----- Excerpted records
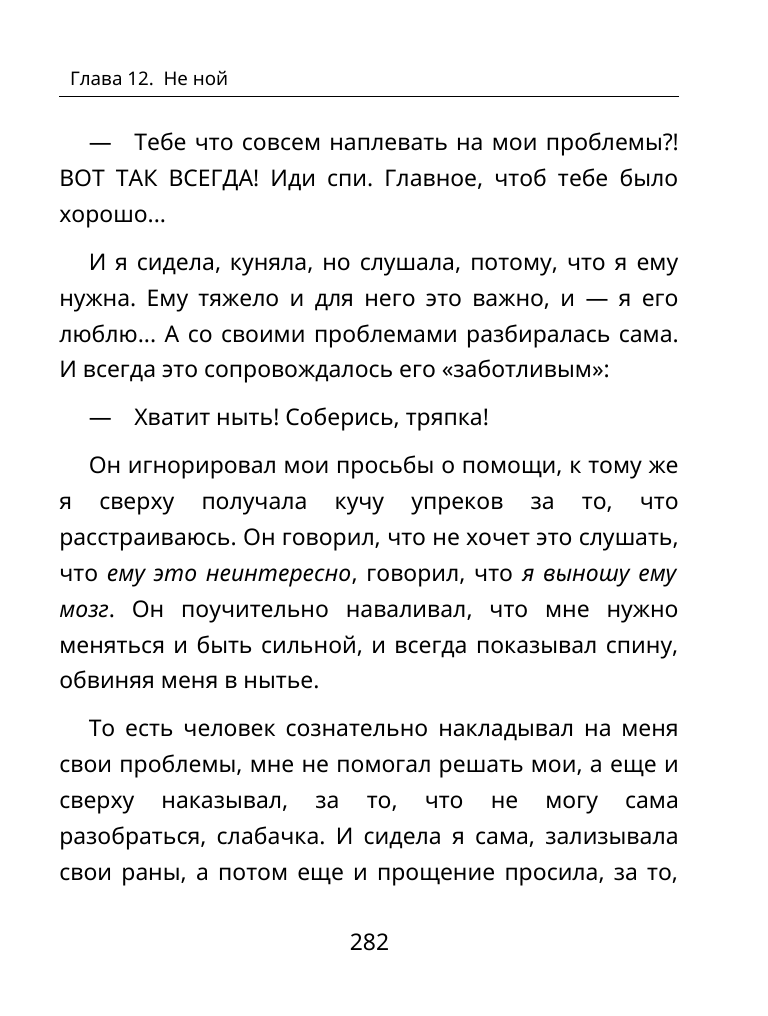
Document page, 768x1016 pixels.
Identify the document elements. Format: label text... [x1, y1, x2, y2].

list Хватит ныть! Соберись, тряпка! [59, 401, 679, 432]
text То есть человек сознательно накладывал на меня свои проблемы, мне не помогал решать мои, а еще и сверху наказывал, за то, что не могу сама разобраться, слабачка. И сидела я сама, зализывала свои раны, а потом еще и прощение просила, за то, [59, 712, 679, 887]
list Тебе что совсем наплевать на мои проблемы?! ВОТ ТАК ВСЕГДА! Иди спи. Главное, чтоб тебе было хорошо... [59, 126, 679, 229]
text Он игнорировал мои просьбы о помощи, к тому же я сверху получала кучу упреков за то, что расстраиваюсь. Он говорил, что не хочет это слушать, что ему это неинтересно, говорил, что я выношу ему мозг. Он поучительно наваливал, что мне нужно меняться и быть сильной, и всегда показывал спину, обвиняя меня в нытье. [59, 449, 679, 696]
text И я сидела, куняла, но слушала, потому, что я ему нужна. Ему тяжело и для него это важно, и — я его люблю... А со своими проблемами разбиралась сама. И всегда это сопровождалось его «заботливым»: [59, 246, 679, 385]
----------
→ Your goal
Show all lines above holding the word "list".

→ Exercise response
list Хватит ныть! Соберись, тряпка! [59, 401, 679, 432]
list Тебе что совсем наплевать на мои проблемы?! ВОТ ТАК ВСЕГДА! Иди спи. Главное, чтоб тебе было хорошо... [59, 126, 679, 229]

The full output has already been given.